By Erik Galicia
It has been seven months since businesses shut down, people began suffocating to death and the world changed for the long run.
Yes, COVID-19 is here to stay. One of the main reasons it seems like it will never die is our uncoordinated response.
Take a look around the world. Several developed countries, even ones hit hard by coronavirus early on, began a coordinated reopening long ago.
Germany, like the United States, runs on a federal system that delegates much of its governmental decisions to provinces and local municipalities. Like in the U.S., there was bickering and blame thrown around. But Chancellor Angela Merkel issued a science-based emergency federal mandate on COVID-19 safety all the way back in March.
German children were back in school at the start of the fall 2020 semester.
But there’s no place like home, where the president calls a virus that has killed over one million people worldwide a “Democratic hoax” and ends up catching it himself — don’t take his word for it though, he’d fake a heart attack to get you to forget about the $750 he paid in taxes a few years ago.
The problem here is the rise of the fringes of society into the mainstream. While the left and right exist everywhere, science is not as politicized in other countries as it is here. For example, scientists in other countries can lean right and still agree that climate change is real. In the good ol’ USA, “science is the devil” is now a prevalent belief.
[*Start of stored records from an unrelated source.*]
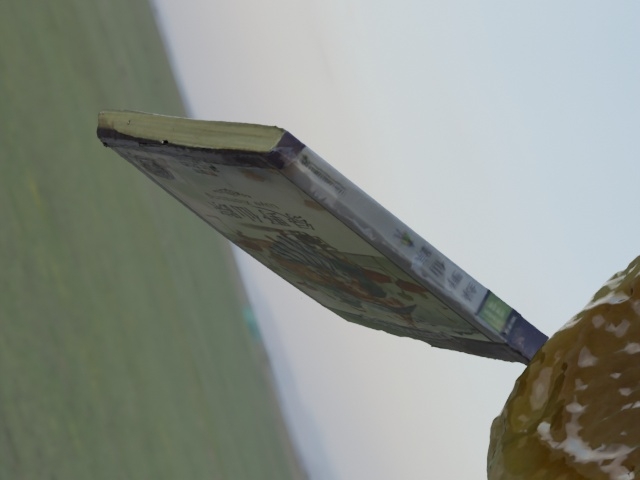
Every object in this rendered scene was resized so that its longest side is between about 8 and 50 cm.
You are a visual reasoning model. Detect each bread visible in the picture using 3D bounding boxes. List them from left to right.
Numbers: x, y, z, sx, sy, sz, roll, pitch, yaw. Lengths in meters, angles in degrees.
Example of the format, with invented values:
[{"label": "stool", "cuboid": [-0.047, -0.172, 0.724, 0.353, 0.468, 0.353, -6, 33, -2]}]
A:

President Donald Trump — the demagogue with a personality cult comparable to that of Jim Jones — failed to issue a federal mandate on masks, social distancing and other precautionary measures, instead allowing states, counties and cities to decide for themselves. The move was well-played when considering his motives: reinforce that Trump means freedom and Democrats mean totalitarianism.
Different states have taken different paths, as have cities and counties, due to the lack of leadership from the top. The fear of an overbearing federal government is perfectly rational and exists on both sides of the political aisle, but we are living through a pandemic. If anything should have united our country, it should have been our COVID-19 response.
No one wants to be home. It is a fact that working class people are struggling financially and we should be finding ways to return to work as quickly as possible. But, without a uniform effort — and with winter around the corner — experts say we will continue to see setbacks.